Paris, ce 21 août 1878.

      Je ne vous écrivais point, mon cher Maître, parce que je suis complètement démoli moralement. Depuis trois semaines j'essaye à travailler tous les soirs sans avoir pu écrire une page propre. Rien, rien. Alors je descends peu à peu dans des noirs de tristesse et de découragement dont j'aurai bien du mal à sortir. Mon ministère me détruit peu à peu. Après mes sept heures de travaux administratifs, je ne puis plus me tendre assez pour rejeter toutes les lourdeurs qui m'accablent l'esprit. J'ai même essayé d'écrire quelques chroniques pour Le Gaulois afin de me procurer quelque sous. Je n'ai pas pu. Je ne trouve pas une ligne et j'ai envie de pleurer sur mon papier. Ajoutez à cela que tout va mal autour de moi. Ma mère, qui est retournée à Étretat depuis deux mois environ, ne va nullement mieux. Son cœur surtout la fait beaucoup souffrir, et elle a eu des syncopes fort inquiétantes. Elle est tellement affaiblie qu'elle ne m'écrit même plus, et c'est à peine si, tous les quinze jours, je reçois un mot qu'elle dicte à son jardinier.
      Elle compte toujours sur la visite de M. et Mme Commanville au commencement d'octobre, et elle espère aussi que vous voudrez bien venir passer quelques jours près d'elle. Cela la distrairait et lui ferait beaucoup de bien. J'attends, pour demander mes quinze jours de congé, que vous m'ayez répondu si vous pourrez, ainsi que Mme Commanville, être libre à cette époque.
      Notre amie Mme Brainne ne s'amuse guère à Plombières. Elle m'écrit de temps en temps et je lui envoie beaucoup d'histoires qui ne sont pas toujours très convenables, mais qui, du moins, peuvent l'égayer.

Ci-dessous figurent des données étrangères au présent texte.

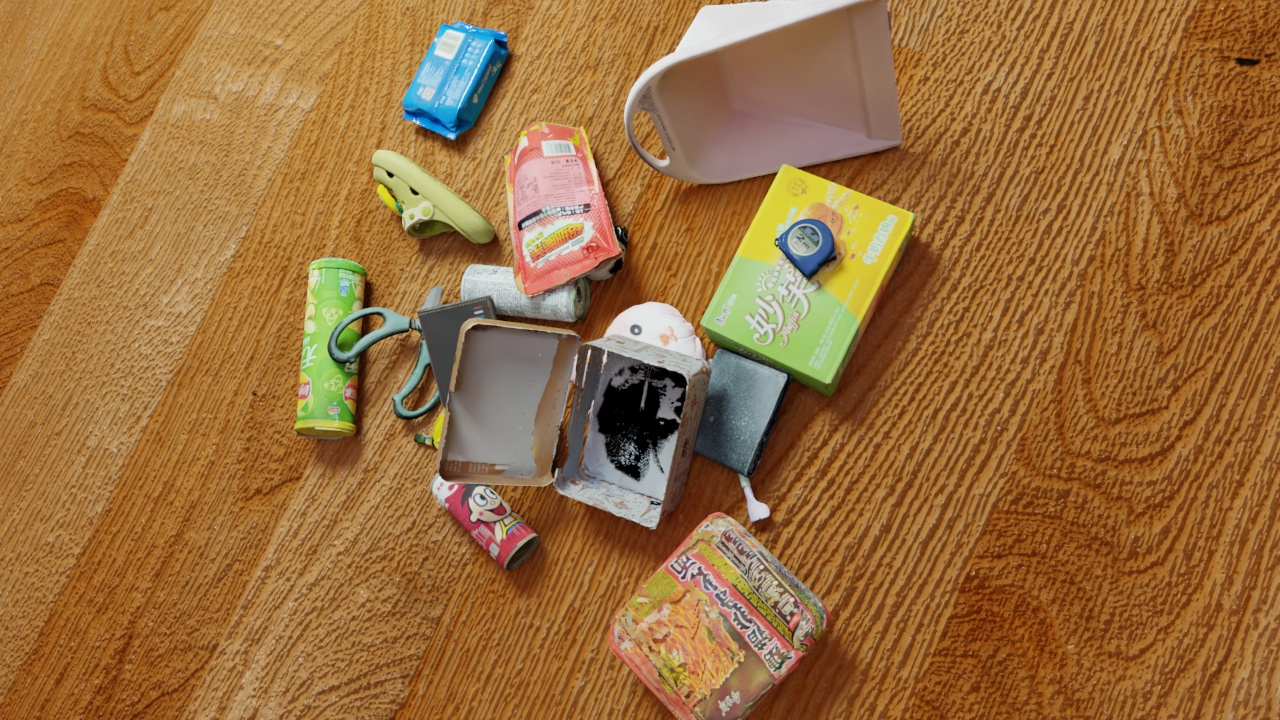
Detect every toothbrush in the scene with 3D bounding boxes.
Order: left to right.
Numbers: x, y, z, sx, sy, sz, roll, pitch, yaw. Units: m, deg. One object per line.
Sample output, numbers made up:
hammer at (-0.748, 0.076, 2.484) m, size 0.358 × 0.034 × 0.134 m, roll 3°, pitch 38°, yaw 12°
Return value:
toothbrush at (-0.185, 0.106, 1.081) m, size 0.186 × 0.017 × 0.012 m, roll 10°, pitch 41°, yaw 17°
toothbrush at (0.103, 0.085, 1.010) m, size 0.029 × 0.021 × 0.189 m, roll -32°, pitch 66°, yaw 40°

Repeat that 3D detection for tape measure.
tape measure at (-0.052, -0.130, 1.094) m, size 0.066 × 0.033 × 0.066 m, roll 8°, pitch 79°, yaw 18°
tape measure at (0.176, -0.120, 0.961) m, size 0.054 × 0.025 × 0.058 m, roll -40°, pitch 75°, yaw 1°

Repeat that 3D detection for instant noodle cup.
instant noodle cup at (0.080, 0.273, 0.940) m, size 0.189 × 0.079 × 0.164 m, roll -46°, pitch 70°, yaw -1°

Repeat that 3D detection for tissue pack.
tissue pack at (-0.239, -0.363, 1.188) m, size 0.095 × 0.052 × 0.157 m, roll 23°, pitch 83°, yaw 20°

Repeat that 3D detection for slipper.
slipper at (-0.268, -0.189, 1.137) m, size 0.190 × 0.091 × 0.081 m, roll 36°, pitch 90°, yaw 16°

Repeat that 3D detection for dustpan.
dustpan at (0.131, -0.267, 0.989) m, size 0.274 × 0.222 × 0.138 m, roll 15°, pitch 68°, yaw 30°

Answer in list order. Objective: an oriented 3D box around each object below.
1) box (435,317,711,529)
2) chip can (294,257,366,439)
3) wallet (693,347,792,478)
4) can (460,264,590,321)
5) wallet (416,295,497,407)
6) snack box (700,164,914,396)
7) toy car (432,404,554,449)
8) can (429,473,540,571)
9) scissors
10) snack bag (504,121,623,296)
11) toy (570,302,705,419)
box at (-0.069, 0.059, 0.974) m, size 0.274 × 0.124 × 0.179 m, roll 11°, pitch 104°, yaw -4°
chip can at (-0.381, -0.017, 1.133) m, size 0.073 × 0.072 × 0.221 m, roll -4°, pitch 76°, yaw 14°
wallet at (0.101, 0.054, 0.994) m, size 0.097 × 0.019 × 0.121 m, roll 23°, pitch 92°, yaw 35°
can at (-0.137, -0.080, 1.091) m, size 0.147 × 0.058 × 0.058 m, roll 6°, pitch 79°, yaw 16°
wallet at (-0.206, -0.010, 1.088) m, size 0.096 × 0.020 × 0.122 m, roll -10°, pitch 103°, yaw 13°
snack box at (0.183, -0.089, 1.003) m, size 0.158 × 0.070 × 0.210 m, roll 26°, pitch 84°, yaw 18°
toy car at (-0.172, 0.074, 1.063) m, size 0.156 × 0.041 × 0.071 m, roll -7°, pitch 58°, yaw 14°
can at (-0.178, 0.175, 1.044) m, size 0.133 × 0.053 × 0.053 m, roll 41°, pitch 89°, yaw 19°
scissors at (-0.298, -0.022, 1.108) m, size 0.179 × 0.019 × 0.172 m, roll 18°, pitch 80°, yaw -12°
snack bag at (-0.099, -0.181, 1.078) m, size 0.129 × 0.073 × 0.207 m, roll -18°, pitch 63°, yaw 9°
toy at (-0.006, 0.006, 1.042) m, size 0.160 × 0.054 × 0.121 m, roll -31°, pitch 74°, yaw 13°

      Suzanne Lagier vient quelquefois me voir à mon ministère ; elle met tout Paris en mouvement pour jouer Gervaise. Elle est bien farce, mais monotone, et sa personnalité de cabotine tient dans son esprit une place démesurée.
      Comment se fait-il que Zola n'ait point été décoré, après la promesse de M. Bardoux ? La chose a fait du bruit, du reste, car tous les journaux avaient annoncé sa décoration. Je dois bientôt aller passer un dimanche chez lui ; j'ai envie de voir ce qu'il m'en dira. Je suis sûr qu'il est très embêté. Qu'avait-il besoin de cela ?
      J'ai rencontré Tourgueneff quelques jours avant son départ pour la Russie, et je l'ai trouvé triste et inquiet. Quelques accidents qu'il avait eus au cœur l'avaient décidé à consulter, et le médecin avait constaté une maladie du ventricule gauche. Tout le monde a donc le cœur détérioré.
      Quant à moi, je suis toujours déplumé. La Faculté croit maintenant qu'il n'y a rien de syphilitique dans mon affaire, mais que j'ai un rhumatisme constitutionnel qui a d'abord attaqué l'estomac et le cœur, puis, en dernier lieu, la peau. On me fait prendre des bains de vapeur en boîte, ce qui, jusqu'ici, ne m'a rien fait. Mais ce traitement, joint aux tisanes amères, sirops et eaux minérales de table, a mangé le peu d'argent que j'avais mis de côté pour mon été. Ça, c'est toujours un résultat. J'espère, pour la confusion des médecins, que je n'en obtiendrai pas d'autre.
      Je vous embrasse de grand cœur, mon cher Maître, et vous prie de m'écrire quelques mots entre deux phrases de B. et P.
      Je vous serre encore les mains.